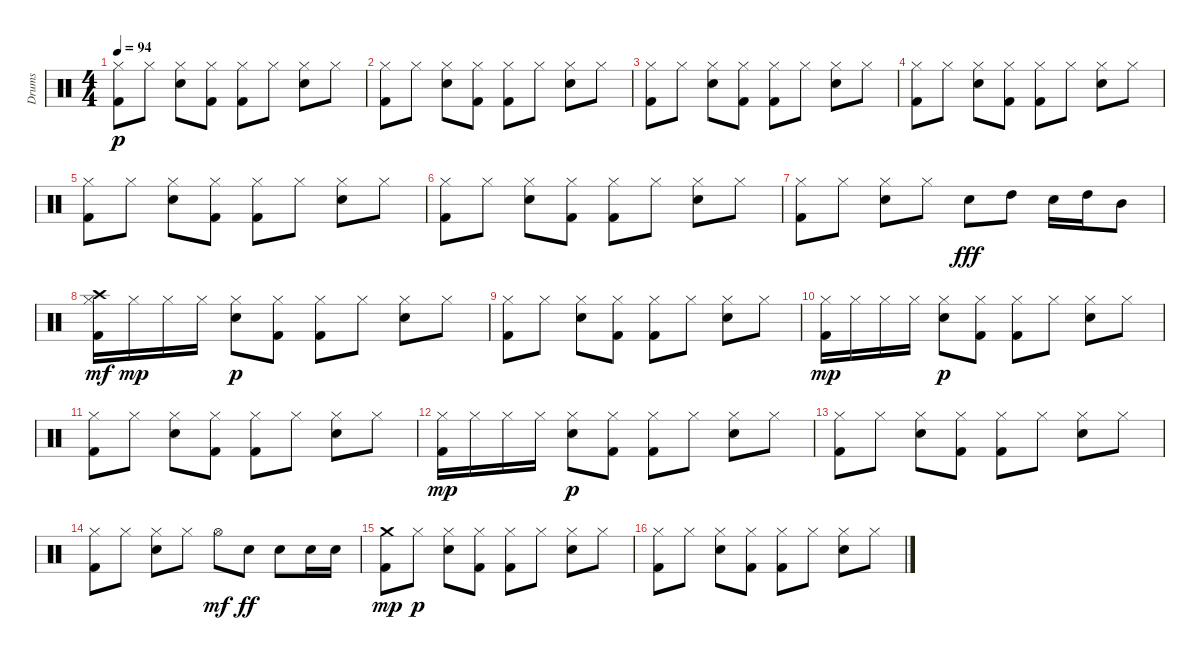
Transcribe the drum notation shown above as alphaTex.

\track ("Drums" "Drums") {instrument percussion}
\staff {score}
\articulation defaults
\ts (4 4)
\tempo 94
\clef neutral
\ks c
("Hi-Hat (closed)" "Kick (hit) 2").8{dy p} "Hi-Hat (closed)".8 ("Hi-Hat (closed)" "Snare (hit) 2").8 ("Hi-Hat (closed)" "Kick (hit) 2").8 ("Hi-Hat (closed)" "Kick (hit) 2").8 "Hi-Hat (closed)".8 ("Hi-Hat (closed)" "Snare (hit) 2").8 "Hi-Hat (closed)".8 |
("Hi-Hat (closed)" "Kick (hit) 2").8 "Hi-Hat (closed)".8 ("Hi-Hat (closed)" "Snare (hit) 2").8 ("Hi-Hat (closed)" "Kick (hit) 2").8 ("Hi-Hat (closed)" "Kick (hit) 2").8 "Hi-Hat (closed)".8 ("Hi-Hat (closed)" "Snare (hit) 2").8 "Hi-Hat (closed)".8 |
("Hi-Hat (closed)" "Kick (hit) 2").8 "Hi-Hat (closed)".8 ("Hi-Hat (closed)" "Snare (hit) 2").8 ("Hi-Hat (closed)" "Kick (hit) 2").8 ("Hi-Hat (closed)" "Kick (hit) 2").8 "Hi-Hat (closed)".8 ("Hi-Hat (closed)" "Snare (hit) 2").8 "Hi-Hat (closed)".8 |
("Hi-Hat (closed)" "Kick (hit) 2").8 "Hi-Hat (closed)".8 ("Hi-Hat (closed)" "Snare (hit) 2").8 ("Hi-Hat (closed)" "Kick (hit) 2").8 ("Hi-Hat (closed)" "Kick (hit) 2").8 "Hi-Hat (closed)".8 ("Hi-Hat (closed)" "Snare (hit) 2").8 "Hi-Hat (closed)".8 |
("Hi-Hat (closed)" "Kick (hit) 2").8 "Hi-Hat (closed)".8 ("Hi-Hat (closed)" "Snare (hit) 2").8 ("Hi-Hat (closed)" "Kick (hit) 2").8 ("Hi-Hat (closed)" "Kick (hit) 2").8 "Hi-Hat (closed)".8 ("Hi-Hat (closed)" "Snare (hit) 2").8 "Hi-Hat (closed)".8 |
("Hi-Hat (closed)" "Kick (hit) 2").8 "Hi-Hat (closed)".8 ("Hi-Hat (closed)" "Snare (hit) 2").8 ("Hi-Hat (closed)" "Kick (hit) 2").8 ("Hi-Hat (closed)" "Kick (hit) 2").8 "Hi-Hat (closed)".8 ("Hi-Hat (closed)" "Snare (hit) 2").8 "Hi-Hat (closed)".8 |
("Hi-Hat (closed)" "Kick (hit) 2").8 "Hi-Hat (closed)".8 ("Hi-Hat (closed)" "Snare (hit) 2").8 "Hi-Hat (closed)".8 "Snare (hit) 2".8{dy fff} "High Tom (hit)".8 "Snare (hit) 2".16 "High Tom (hit)".16 "Mid Tom (hit)".8 |
("Hi-Hat (closed)" "Crash high (hit)" "Kick (hit) 2").16{dy mf} "Hi-Hat (closed)".16{dy mp} "Hi-Hat (closed)".16 "Hi-Hat (closed)".16 ("Hi-Hat (closed)" "Snare (hit) 2").8{dy p} ("Hi-Hat (closed)" "Kick (hit) 2").8 ("Hi-Hat (closed)" "Kick (hit) 2").8 "Hi-Hat (closed)".8 ("Hi-Hat (closed)" "Snare (hit) 2").8 "Hi-Hat (closed)".8 |
("Hi-Hat (closed)" "Kick (hit) 2").8 "Hi-Hat (closed)".8 ("Hi-Hat (closed)" "Snare (hit) 2").8 ("Hi-Hat (closed)" "Kick (hit) 2").8 ("Hi-Hat (closed)" "Kick (hit) 2").8 "Hi-Hat (closed)".8 ("Hi-Hat (closed)" "Snare (hit) 2").8 "Hi-Hat (closed)".8 |
("Hi-Hat (closed)" "Kick (hit) 2").16{dy mp} "Hi-Hat (closed)".16 "Hi-Hat (closed)".16 "Hi-Hat (closed)".16 ("Hi-Hat (closed)" "Snare (hit) 2").8{dy p} ("Hi-Hat (closed)" "Kick (hit) 2").8 ("Hi-Hat (closed)" "Kick (hit) 2").8 "Hi-Hat (closed)".8 ("Hi-Hat (closed)" "Snare (hit) 2").8 "Hi-Hat (closed)".8 |
("Hi-Hat (closed)" "Kick (hit) 2").8 "Hi-Hat (closed)".8 ("Hi-Hat (closed)" "Snare (hit) 2").8 ("Hi-Hat (closed)" "Kick (hit) 2").8 ("Hi-Hat (closed)" "Kick (hit) 2").8 "Hi-Hat (closed)".8 ("Hi-Hat (closed)" "Snare (hit) 2").8 "Hi-Hat (closed)".8 |
("Hi-Hat (closed)" "Kick (hit) 2").16{dy mp} "Hi-Hat (closed)".16 "Hi-Hat (closed)".16 "Hi-Hat (closed)".16 ("Hi-Hat (closed)" "Snare (hit) 2").8{dy p} ("Hi-Hat (closed)" "Kick (hit) 2").8 ("Hi-Hat (closed)" "Kick (hit) 2").8 "Hi-Hat (closed)".8 ("Hi-Hat (closed)" "Snare (hit) 2").8 "Hi-Hat (closed)".8 |
("Hi-Hat (closed)" "Kick (hit) 2").8 "Hi-Hat (closed)".8 ("Hi-Hat (closed)" "Snare (hit) 2").8 ("Hi-Hat (closed)" "Kick (hit) 2").8 ("Hi-Hat (closed)" "Kick (hit) 2").8 "Hi-Hat (closed)".8 ("Hi-Hat (closed)" "Snare (hit) 2").8 "Hi-Hat (closed)".8 |
("Hi-Hat (closed)" "Kick (hit) 2").8 "Hi-Hat (closed)".8 ("Hi-Hat (closed)" "Snare (hit) 2").8 "Hi-Hat (closed)".8 "Hi-Hat (open)".8{dy mf} "Snare (hit) 2".8{dy ff} "Snare (hit) 2".8 "Snare (hit) 2".16 "Snare (hit) 2".16 |
("Crash medium (hit)" "Kick (hit) 2").8{dy mp} "Hi-Hat (closed)".8{dy p} ("Hi-Hat (closed)" "Snare (hit) 2").8 ("Hi-Hat (closed)" "Kick (hit) 2").8 ("Hi-Hat (closed)" "Kick (hit) 2").8 "Hi-Hat (closed)".8 ("Hi-Hat (closed)" "Snare (hit) 2").8 "Hi-Hat (closed)".8 |
("Hi-Hat (closed)" "Kick (hit) 2").8 "Hi-Hat (closed)".8 ("Hi-Hat (closed)" "Snare (hit) 2").8 ("Hi-Hat (closed)" "Kick (hit) 2").8 ("Hi-Hat (closed)" "Kick (hit) 2").8 "Hi-Hat (closed)".8 ("Hi-Hat (closed)" "Snare (hit) 2").8 "Hi-Hat (closed)".8

+ + +

Print out the complete listing above exactly, dropping each image.

Output below:
Transcribe the drum notation shown above as alphaTex.

\track ("Drums" "Drums") {instrument percussion}
\staff {score}
\articulation defaults
\ts (4 4)
\tempo 94
\clef neutral
\ks c
("Hi-Hat (closed)" "Kick (hit) 2").8{dy p} "Hi-Hat (closed)".8 ("Hi-Hat (closed)" "Snare (hit) 2").8 ("Hi-Hat (closed)" "Kick (hit) 2").8 ("Hi-Hat (closed)" "Kick (hit) 2").8 "Hi-Hat (closed)".8 ("Hi-Hat (closed)" "Snare (hit) 2").8 "Hi-Hat (closed)".8 |
("Hi-Hat (closed)" "Kick (hit) 2").8 "Hi-Hat (closed)".8 ("Hi-Hat (closed)" "Snare (hit) 2").8 ("Hi-Hat (closed)" "Kick (hit) 2").8 ("Hi-Hat (closed)" "Kick (hit) 2").8 "Hi-Hat (closed)".8 ("Hi-Hat (closed)" "Snare (hit) 2").8 "Hi-Hat (closed)".8 |
("Hi-Hat (closed)" "Kick (hit) 2").8 "Hi-Hat (closed)".8 ("Hi-Hat (closed)" "Snare (hit) 2").8 ("Hi-Hat (closed)" "Kick (hit) 2").8 ("Hi-Hat (closed)" "Kick (hit) 2").8 "Hi-Hat (closed)".8 ("Hi-Hat (closed)" "Snare (hit) 2").8 "Hi-Hat (closed)".8 |
("Hi-Hat (closed)" "Kick (hit) 2").8 "Hi-Hat (closed)".8 ("Hi-Hat (closed)" "Snare (hit) 2").8 ("Hi-Hat (closed)" "Kick (hit) 2").8 ("Hi-Hat (closed)" "Kick (hit) 2").8 "Hi-Hat (closed)".8 ("Hi-Hat (closed)" "Snare (hit) 2").8 "Hi-Hat (closed)".8 |
("Hi-Hat (closed)" "Kick (hit) 2").8 "Hi-Hat (closed)".8 ("Hi-Hat (closed)" "Snare (hit) 2").8 ("Hi-Hat (closed)" "Kick (hit) 2").8 ("Hi-Hat (closed)" "Kick (hit) 2").8 "Hi-Hat (closed)".8 ("Hi-Hat (closed)" "Snare (hit) 2").8 "Hi-Hat (closed)".8 |
("Hi-Hat (closed)" "Kick (hit) 2").8 "Hi-Hat (closed)".8 ("Hi-Hat (closed)" "Snare (hit) 2").8 ("Hi-Hat (closed)" "Kick (hit) 2").8 ("Hi-Hat (closed)" "Kick (hit) 2").8 "Hi-Hat (closed)".8 ("Hi-Hat (closed)" "Snare (hit) 2").8 "Hi-Hat (closed)".8 |
("Hi-Hat (closed)" "Kick (hit) 2").8 "Hi-Hat (closed)".8 ("Hi-Hat (closed)" "Snare (hit) 2").8 "Hi-Hat (closed)".8 "Snare (hit) 2".8{dy fff} "High Tom (hit)".8 "Snare (hit) 2".16 "High Tom (hit)".16 "Mid Tom (hit)".8 |
("Hi-Hat (closed)" "Crash high (hit)" "Kick (hit) 2").16{dy mf} "Hi-Hat (closed)".16{dy mp} "Hi-Hat (closed)".16 "Hi-Hat (closed)".16 ("Hi-Hat (closed)" "Snare (hit) 2").8{dy p} ("Hi-Hat (closed)" "Kick (hit) 2").8 ("Hi-Hat (closed)" "Kick (hit) 2").8 "Hi-Hat (closed)".8 ("Hi-Hat (closed)" "Snare (hit) 2").8 "Hi-Hat (closed)".8 |
("Hi-Hat (closed)" "Kick (hit) 2").8 "Hi-Hat (closed)".8 ("Hi-Hat (closed)" "Snare (hit) 2").8 ("Hi-Hat (closed)" "Kick (hit) 2").8 ("Hi-Hat (closed)" "Kick (hit) 2").8 "Hi-Hat (closed)".8 ("Hi-Hat (closed)" "Snare (hit) 2").8 "Hi-Hat (closed)".8 |
("Hi-Hat (closed)" "Kick (hit) 2").16{dy mp} "Hi-Hat (closed)".16 "Hi-Hat (closed)".16 "Hi-Hat (closed)".16 ("Hi-Hat (closed)" "Snare (hit) 2").8{dy p} ("Hi-Hat (closed)" "Kick (hit) 2").8 ("Hi-Hat (closed)" "Kick (hit) 2").8 "Hi-Hat (closed)".8 ("Hi-Hat (closed)" "Snare (hit) 2").8 "Hi-Hat (closed)".8 |
("Hi-Hat (closed)" "Kick (hit) 2").8 "Hi-Hat (closed)".8 ("Hi-Hat (closed)" "Snare (hit) 2").8 ("Hi-Hat (closed)" "Kick (hit) 2").8 ("Hi-Hat (closed)" "Kick (hit) 2").8 "Hi-Hat (closed)".8 ("Hi-Hat (closed)" "Snare (hit) 2").8 "Hi-Hat (closed)".8 |
("Hi-Hat (closed)" "Kick (hit) 2").16{dy mp} "Hi-Hat (closed)".16 "Hi-Hat (closed)".16 "Hi-Hat (closed)".16 ("Hi-Hat (closed)" "Snare (hit) 2").8{dy p} ("Hi-Hat (closed)" "Kick (hit) 2").8 ("Hi-Hat (closed)" "Kick (hit) 2").8 "Hi-Hat (closed)".8 ("Hi-Hat (closed)" "Snare (hit) 2").8 "Hi-Hat (closed)".8 |
("Hi-Hat (closed)" "Kick (hit) 2").8 "Hi-Hat (closed)".8 ("Hi-Hat (closed)" "Snare (hit) 2").8 ("Hi-Hat (closed)" "Kick (hit) 2").8 ("Hi-Hat (closed)" "Kick (hit) 2").8 "Hi-Hat (closed)".8 ("Hi-Hat (closed)" "Snare (hit) 2").8 "Hi-Hat (closed)".8 |
("Hi-Hat (closed)" "Kick (hit) 2").8 "Hi-Hat (closed)".8 ("Hi-Hat (closed)" "Snare (hit) 2").8 "Hi-Hat (closed)".8 "Hi-Hat (open)".8{dy mf} "Snare (hit) 2".8{dy ff} "Snare (hit) 2".8 "Snare (hit) 2".16 "Snare (hit) 2".16 |
("Crash medium (hit)" "Kick (hit) 2").8{dy mp} "Hi-Hat (closed)".8{dy p} ("Hi-Hat (closed)" "Snare (hit) 2").8 ("Hi-Hat (closed)" "Kick (hit) 2").8 ("Hi-Hat (closed)" "Kick (hit) 2").8 "Hi-Hat (closed)".8 ("Hi-Hat (closed)" "Snare (hit) 2").8 "Hi-Hat (closed)".8 |
("Hi-Hat (closed)" "Kick (hit) 2").8 "Hi-Hat (closed)".8 ("Hi-Hat (closed)" "Snare (hit) 2").8 ("Hi-Hat (closed)" "Kick (hit) 2").8 ("Hi-Hat (closed)" "Kick (hit) 2").8 "Hi-Hat (closed)".8 ("Hi-Hat (closed)" "Snare (hit) 2").8 "Hi-Hat (closed)".8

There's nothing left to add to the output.